Екатерина Лесина - Хроники ветров. Книга цены
Снова холод. Вода поднялась до подбородка, чтобы дышать приходится задирать голову вверх. Задираю. Дышу. Руки совсем занемели, и я не понимаю даже, получается ли расшатывать саблю или мне только кажется, что лезвие движется. Плачу. От отчаяния, безнадежности и нежелания умирать. Умирать страшно.
И больно.
У воздуха привкус крови. Ну же, еще немного…
Помогите… Рубеус! Пожалуйста, ты же…
Мысли путаются. Он обещал, что не будет больно, почему тогда… не отзывается… слышит, я знаю, что слышит… молчит…
— Не спи… — теребит голос. — Нельзя.
Нельзя спать. Сон — это смерть.
Все-таки у меня получается. Лезвие резко идет вниз, потом в сторону и, разрывая тело — уже не больно, уже как-то все равно — падает. А я не знаю, что делать дальше… перевернуться на живот… ползти… руками в землю — когти скользят по грязи, цепляться здесь не за что, а встать никак, ног вообще не чувствую. И с глазами что-то не то… болото в глазах, серое дрожащее болото. Это неправильно.
Нащупать, вцепиться — если в траву, то можно, главное, захватить пучок побольше — и вперед. На вдох — отдохнуть, на выдох — руки вперед и новый пучок.
— Раз, два, три, четыре, пять… вышел зайчик погулять… — этот голос идет за мной, подстегивает, подгоняет, не дает провалиться в беспамятство. Я ненавижу голос, как ненавижу холод, боль и собственную беспомощность.
— Вдруг охотник выбегает… прямо в зайчика стреляет…
Дышать становится немного легче, это значит, что скоро дождь прекратиться и… дождь никогда не прекращается днем, только ночью.
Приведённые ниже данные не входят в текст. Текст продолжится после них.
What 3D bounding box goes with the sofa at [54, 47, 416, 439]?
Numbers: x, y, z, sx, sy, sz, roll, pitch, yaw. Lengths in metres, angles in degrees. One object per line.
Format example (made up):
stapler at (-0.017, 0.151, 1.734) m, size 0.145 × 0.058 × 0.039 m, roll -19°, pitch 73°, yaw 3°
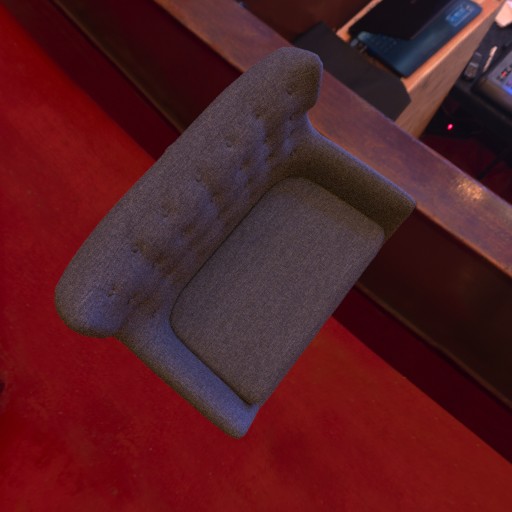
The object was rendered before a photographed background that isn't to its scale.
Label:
sofa at (0.000, 0.000, 2.006) m, size 0.874 × 1.028 × 1.358 m, roll 37°, pitch 78°, yaw 10°
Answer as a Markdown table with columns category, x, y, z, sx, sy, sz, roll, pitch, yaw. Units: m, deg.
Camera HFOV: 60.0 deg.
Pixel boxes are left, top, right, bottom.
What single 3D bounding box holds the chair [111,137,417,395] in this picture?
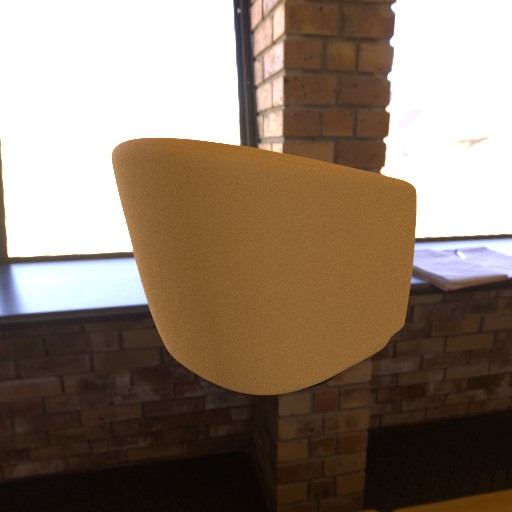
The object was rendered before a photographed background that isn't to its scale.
| category | x | y | z | sx | sy | sz | roll | pitch | yaw |
| --- | --- | --- | --- | --- | --- | --- | --- | --- | --- |
| chair | 0.000 | 0.000 | 1.359 | 0.767 | 0.698 | 0.773 | -13 | 19 | -42 |
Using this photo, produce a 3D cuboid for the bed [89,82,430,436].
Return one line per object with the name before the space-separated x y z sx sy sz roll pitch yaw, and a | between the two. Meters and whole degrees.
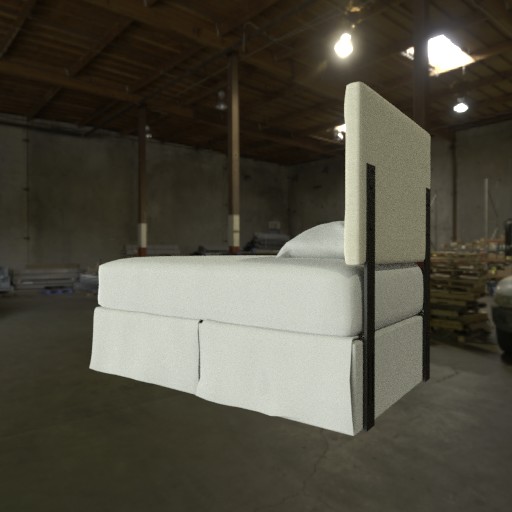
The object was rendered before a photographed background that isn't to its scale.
bed | 0.000 0.000 2.982 1.997 1.571 1.261 0 1 36
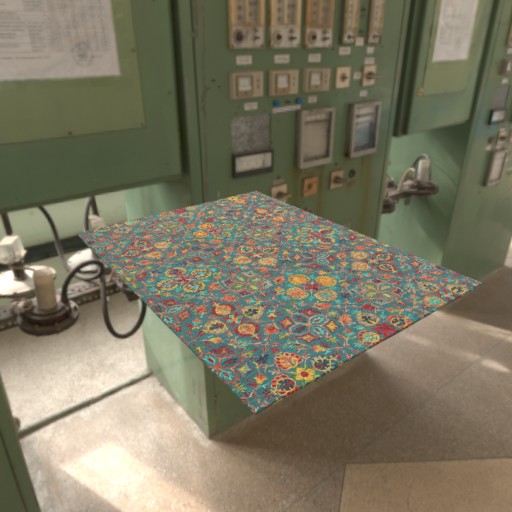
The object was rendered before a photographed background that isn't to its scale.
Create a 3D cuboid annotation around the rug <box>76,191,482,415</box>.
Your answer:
[{"bbox_3d":[0.000,0.000,4.271,2.434,0.025,3.204,-18,32,-33],"label":"rug"}]
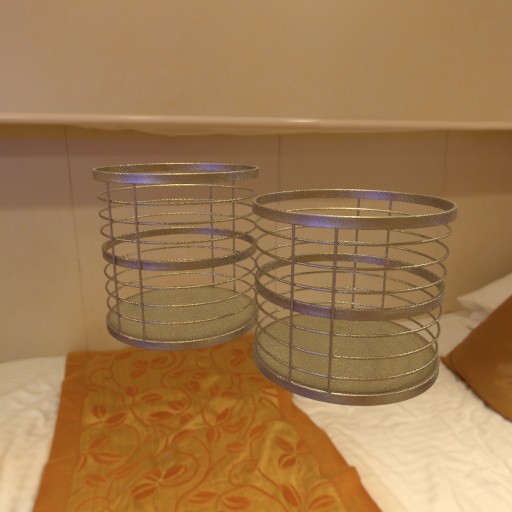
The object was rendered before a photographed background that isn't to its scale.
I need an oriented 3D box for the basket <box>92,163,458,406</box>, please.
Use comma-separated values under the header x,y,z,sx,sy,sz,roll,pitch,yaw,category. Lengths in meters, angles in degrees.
x,y,z,sx,sy,sz,roll,pitch,yaw,category
0.000,0.000,0.924,0.746,0.351,0.356,8,17,28,basket
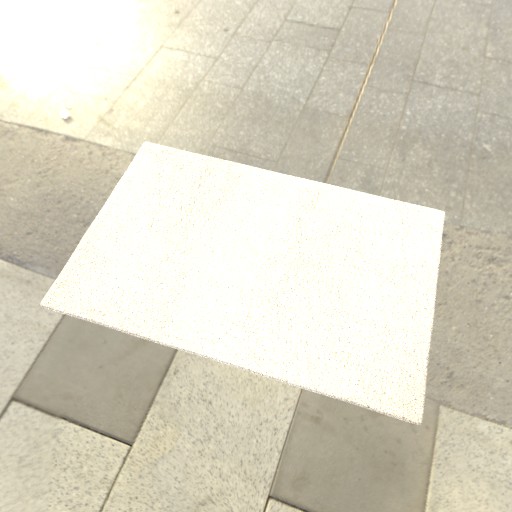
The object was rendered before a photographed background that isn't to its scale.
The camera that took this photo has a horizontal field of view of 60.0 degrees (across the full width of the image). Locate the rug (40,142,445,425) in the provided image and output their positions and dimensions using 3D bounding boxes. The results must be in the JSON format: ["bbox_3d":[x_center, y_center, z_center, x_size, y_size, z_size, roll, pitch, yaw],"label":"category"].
[{"bbox_3d":[0.000,0.000,3.455,2.743,0.030,1.778,15,59,9],"label":"rug"}]

Но дождя вообще не должно было быть, желтая звезда… я не видела ее…
Отдельные холодные капли скатываются по коже.
— Пиф-паф, ой-ёй-ёй… умирает зайчик мой. — Ребенок наклоняется близко-близко, я ощущаю чужой запах, чужое дыхание, чужое присутствие… Я не хочу умирать, но пучок мокрой травы выскальзывает…
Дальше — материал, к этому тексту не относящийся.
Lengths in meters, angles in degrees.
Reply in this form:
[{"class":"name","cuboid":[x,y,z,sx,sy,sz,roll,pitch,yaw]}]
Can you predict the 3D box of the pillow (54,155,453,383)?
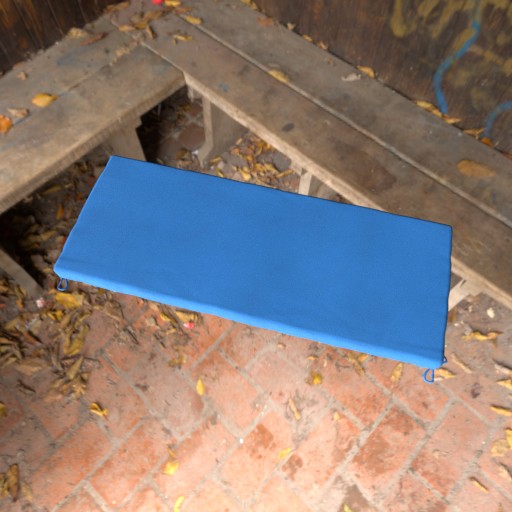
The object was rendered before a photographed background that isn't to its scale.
[{"class":"pillow","cuboid":[0.000,0.000,1.359,1.187,0.081,0.492,13,63,7]}]
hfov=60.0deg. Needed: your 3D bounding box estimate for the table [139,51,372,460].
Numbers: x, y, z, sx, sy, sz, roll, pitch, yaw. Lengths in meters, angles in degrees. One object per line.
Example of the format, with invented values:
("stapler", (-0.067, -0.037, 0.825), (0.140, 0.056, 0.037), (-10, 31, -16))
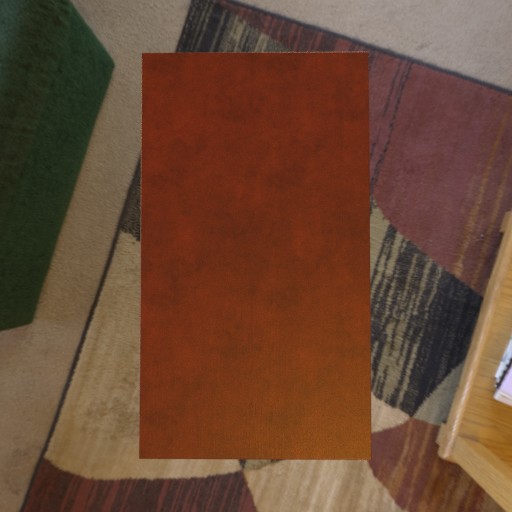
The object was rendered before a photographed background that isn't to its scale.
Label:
("table", (0.000, 0.000, 1.250), (0.533, 0.456, 0.943), (0, 89, 1))
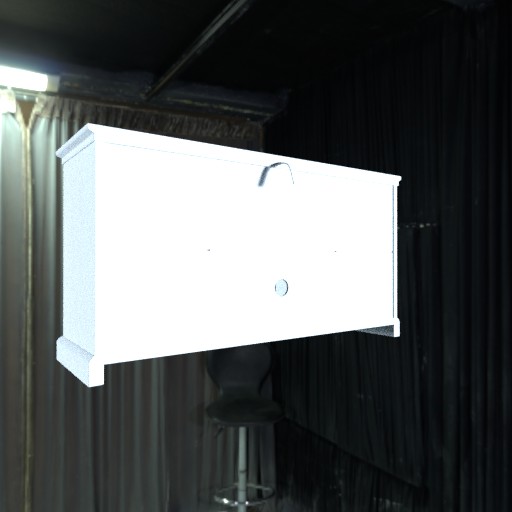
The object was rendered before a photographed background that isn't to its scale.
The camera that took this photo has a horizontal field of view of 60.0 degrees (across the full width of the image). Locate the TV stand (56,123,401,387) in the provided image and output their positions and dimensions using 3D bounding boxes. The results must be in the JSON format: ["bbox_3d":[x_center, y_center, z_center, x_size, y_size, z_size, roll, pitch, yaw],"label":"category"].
[{"bbox_3d":[0.000,0.000,1.507,1.187,0.624,0.424,0,0,-36],"label":"TV stand"}]

Скоро рассвет. Снова рассвет… Пожалуйста, кто-нибудь… Я не хочу умирать.
Глава 5
Фома.
По ту сторону Каменных холмов шел дождь, причем такой, которого Фоме прежде видеть не доводилось. Тонкие нити воды тянулись с мутного низкого неба к земле, создавая в воздухе сплошную серую пелену, причем пелену, наполненную звуками. Она вздыхала, совсем как человека, хлюпала, потрескивала, стонала, звала… Тяжело. И одежда, соприкоснувшись с водяными нитями, моментально намокла, набухла, приобрела характерный запах плесени.
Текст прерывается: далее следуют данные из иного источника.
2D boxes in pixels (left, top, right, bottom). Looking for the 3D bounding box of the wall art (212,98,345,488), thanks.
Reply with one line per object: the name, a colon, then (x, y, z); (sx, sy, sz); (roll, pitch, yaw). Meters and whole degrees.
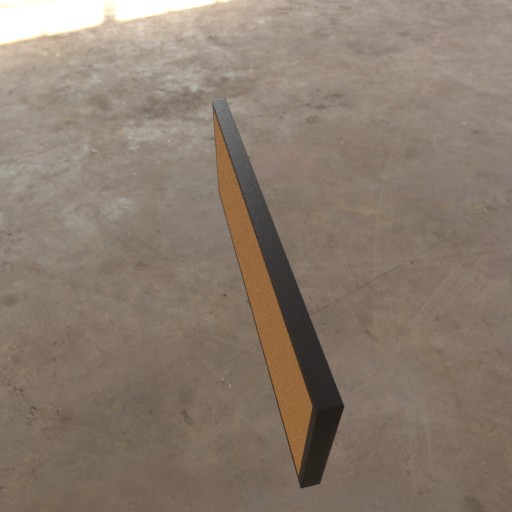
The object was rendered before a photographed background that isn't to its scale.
wall art: (0.000, 0.000, 0.965); (0.037, 0.303, 0.860); (-9, 47, -9)
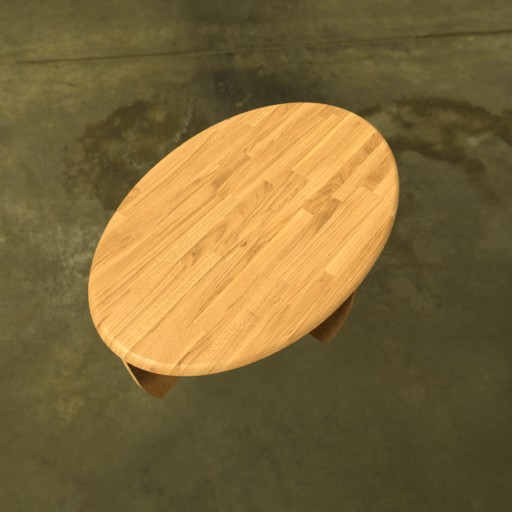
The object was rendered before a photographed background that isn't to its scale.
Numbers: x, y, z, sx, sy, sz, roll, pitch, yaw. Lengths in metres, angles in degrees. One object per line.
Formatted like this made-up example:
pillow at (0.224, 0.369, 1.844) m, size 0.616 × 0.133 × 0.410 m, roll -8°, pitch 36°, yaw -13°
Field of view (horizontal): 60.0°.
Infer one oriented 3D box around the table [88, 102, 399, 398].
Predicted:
table at (0.000, 0.000, 1.425) m, size 0.690 × 0.490 × 1.040 m, roll 34°, pitch 64°, yaw 20°

Караван двигался вперед медленно, повозки то и дело застревали в размокшей, размякшей земле. Приходилось толкать, ноги скользили по длинным хвостам полусгнившей травы, руки от соприкосновения с металлическим бортом сводила судорогой от холода, а любое физическое усилие вызывало приступы тошноты. Но Фома все равно был рад, он чувствовал себя полезным.
— И часто тут такое? — Разговаривали в дожде шепотом, точно боялись потревожить эту почти живую пелену воды.
— Не знаю, на моей памяти ни разу не было.
Дышать приходилось носом, стоило открыть рот, и Фома начинал захлебываться. Впереди дважды мигнул желтый глаз фонаря, что означало остановку. А чуть позже из серой пелены дождя вынырнул Рук и недовольно буркнул:
— Фома, тебя Януш зовет, и побыстрее давай.
Януш, как и все в караване, был мокрым, но при этом улыбался, радостно, почти счастливо, будто всю жизнь мечтал попасть в эту непроглядную серую пелену дождя.
— Привет.
— Добрый день, — Фома не был уверен, что сейчас именно день: пространство вокруг оставалось в равной мере серым и мокрым вне зависимости от времени суток.
— Садись, поговорить с тобой хотел.
— О чем? — мокрый коврик, мокрое железо, мокрый хлеб в мокром кармане. Даже укрытый под полупрозрачным колпаком огонь умудряется выглядеть мокрым, хотя подобное невозможно по определению.
— Просто говорить. Ты забавный человек, Фома, интересный, столько всего видел, столько всего испытал, почти сошел с ума, но сумел вернуться. Ты пришел не из этого времени, но окружающий мир воспринимаешь, как данность. Ты общался и с вампирами, и с танграми, пересек Проклятые земли…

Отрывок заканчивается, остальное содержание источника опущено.